The flag assignment constitutes a paramount step in the migration of any process to the SWS, helping to understand how the data was collected/estimated and also in the validation process. The plugin `faoswsAquastatUpdate` provides an important information on the metadata regarding the origin of each data point. In this way it is possible to analyse the relevance of flags by origin. See the figure below with the set of flags for each origin. 

```{r  relevanceFlagsOrigin, echo=FALSE, fig.align="center", out.width="75%", fig.cap='Relevance of flags by origin'}
knitr::include_graphics("images/AQUASTAT_Flags_Origin.png")

```
Mind that the size of each rectangle is determined by the number of data points. Therefore, the flags `I,t` and `I,e` are the ones which have more relevance in the module while `I,i` is the one with less relevance.

## **AQUASTAT Network**

The calculation rules are the key part of the plugin `faoswsAquastatUpdate` as it provides the formulas to calculate the indicators, including the SDG's indicators.

As an indicator can be also a component of another indicator, a deeper analysis of how indicators and components are linked to each other is needed.  

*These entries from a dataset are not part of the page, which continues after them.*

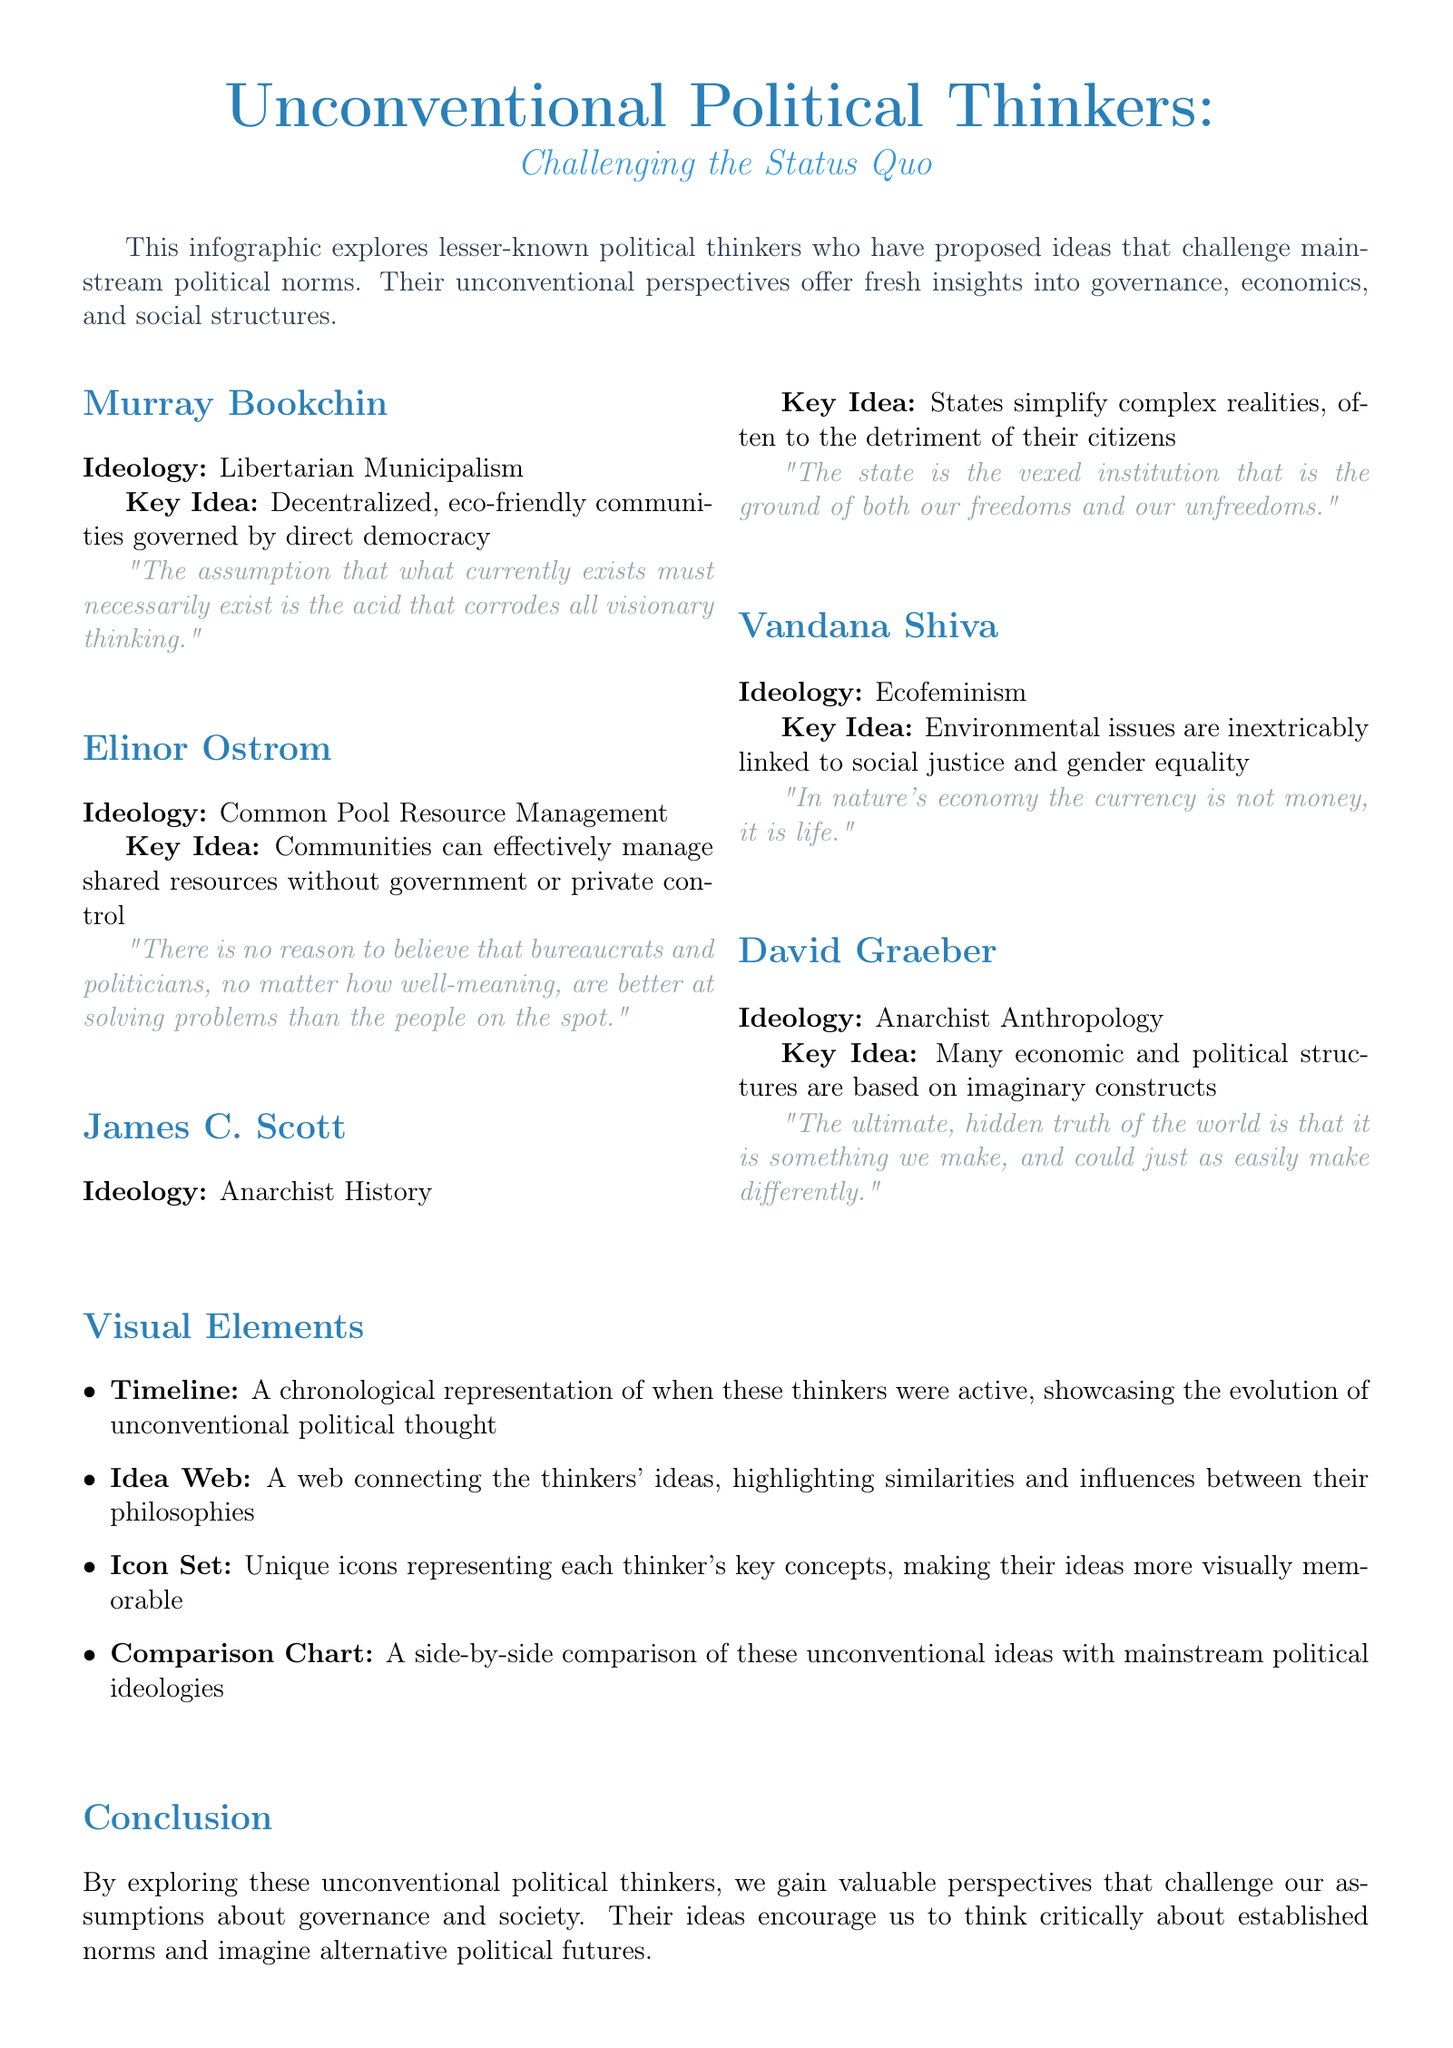What is the title of the newsletter? The title is explicitly mentioned at the beginning of the document.
Answer: Unconventional Political Thinkers: Challenging the Status Quo Who is the thinker associated with Ecofeminism? The document lists each thinker along with their ideology, where Ecofeminism is attributed to one specific individual.
Answer: Vandana Shiva What ideology does James C. Scott represent? The ideology section clearly specifies the ideology aligned with each thinker.
Answer: Anarchist History What is a unique visual element featured in the infographic? The document describes multiple visual elements used in the infographic format.
Answer: Idea Web According to Elinor Ostrom, what can communities manage effectively? The key idea section highlights what communities can handle without external control based on Ostrom's perspective.
Answer: Shared resources What is the key idea of David Graeber? The document provides a summarization of each thinker's key idea in the section dedicated to them.
Answer: Many economic and political structures are based on imaginary constructs What quote is attributed to Murray Bookchin? The notable quotes section provides a direct quote from each of the thinkers.
Answer: "The assumption that what currently exists must necessarily exist is the acid that corrodes all visionary thinking." What type of document is this? The specific type of document is highlighted in the introduction and throughout its purpose.
Answer: Newsletter 
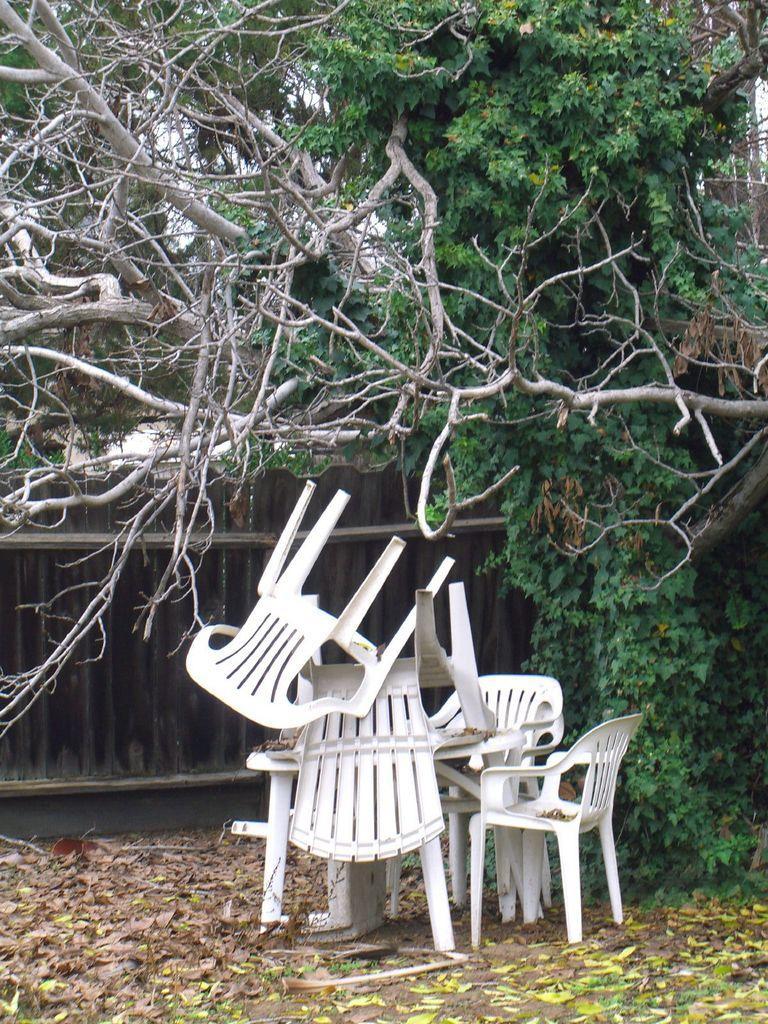Can you describe this image briefly? In the center of the image there are chairs. In the background of the image there is a gate. There are trees. At the bottom of the image there are leaves. 
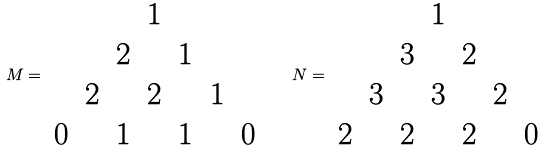<formula> <loc_0><loc_0><loc_500><loc_500>M = \begin{array} { c c c c c c c } & & & 1 & & & \\ & & 2 & & 1 & & \\ & 2 & & 2 & & 1 & \\ 0 & & 1 & & 1 & & 0 \\ \end{array} \quad N = \begin{array} { c c c c c c c } & & & 1 & & & \\ & & 3 & & 2 & & \\ & 3 & & 3 & & 2 & \\ 2 & & 2 & & 2 & & 0 \\ \end{array}</formula> 
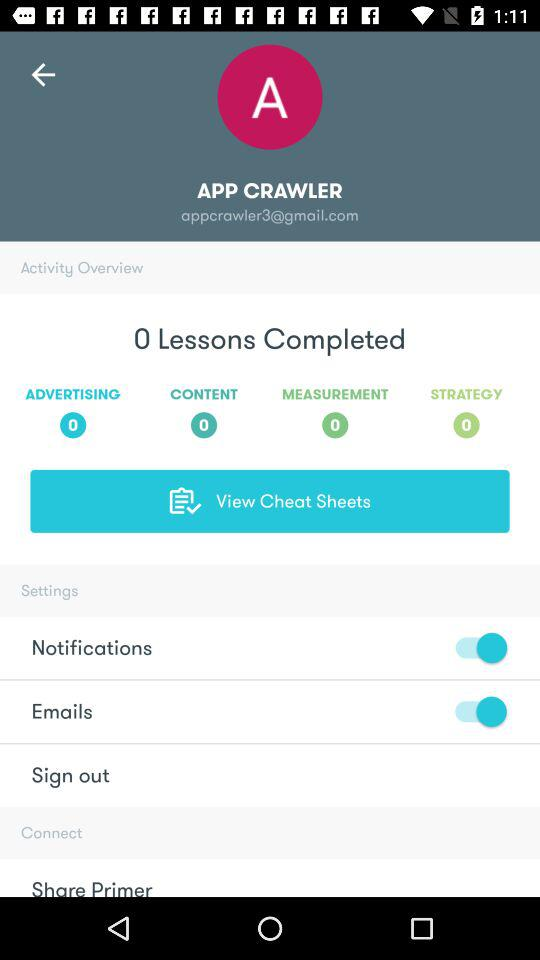How many lessons are completed?
Answer the question using a single word or phrase. 0 
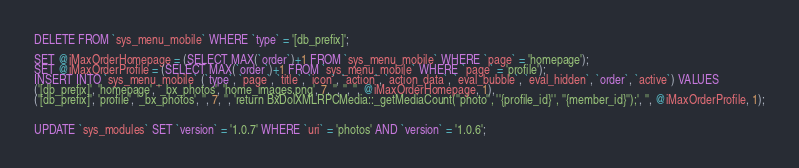<code> <loc_0><loc_0><loc_500><loc_500><_SQL_>
DELETE FROM `sys_menu_mobile` WHERE `type` = '[db_prefix]';

SET @iMaxOrderHomepage = (SELECT MAX(`order`)+1 FROM `sys_menu_mobile` WHERE `page` = 'homepage');
SET @iMaxOrderProfile = (SELECT MAX(`order`)+1 FROM `sys_menu_mobile` WHERE `page` = 'profile');
INSERT INTO `sys_menu_mobile` (`type`, `page`, `title`, `icon`, `action`, `action_data`, `eval_bubble`, `eval_hidden`, `order`, `active`) VALUES
('[db_prefix]', 'homepage', '_bx_photos', 'home_images.png', 7, '', '', '', @iMaxOrderHomepage, 1),
('[db_prefix]', 'profile', '_bx_photos', '', 7, '', 'return BxDolXMLRPCMedia::_getMediaCount(''photo'', ''{profile_id}'', ''{member_id}'');', '', @iMaxOrderProfile, 1);


UPDATE `sys_modules` SET `version` = '1.0.7' WHERE `uri` = 'photos' AND `version` = '1.0.6';

</code>

Below you can see how the AQUASTAT elements are connected to each other. It is important to note that there is a high concentration of elements connected, what could evidence a mutual dependency. The elements are split into three categories: **Indicator**, **Component** and **Indicator&Component**. For instance, **4313** has the largest circle, which means that it’s the *variable* that has more connections. In this case, the connections means that many indicators depend on **4313**. Other networks are completely isolated, as per **4455**, **4454** and **4101** (on the left of the figure).

```{r  network, echo=FALSE, fig.align="center", out.width="55%", fig.cap='AQUASTAT Network'}
knitr::include_graphics("images/network.png")

```

Despite the fact that the network above can be convoluted to understand given a high concentration of elements interconnected, the graph above is a **DAG** (Directed Acyclic Graph) as per the result of the test in R. This means that it contains no cycles.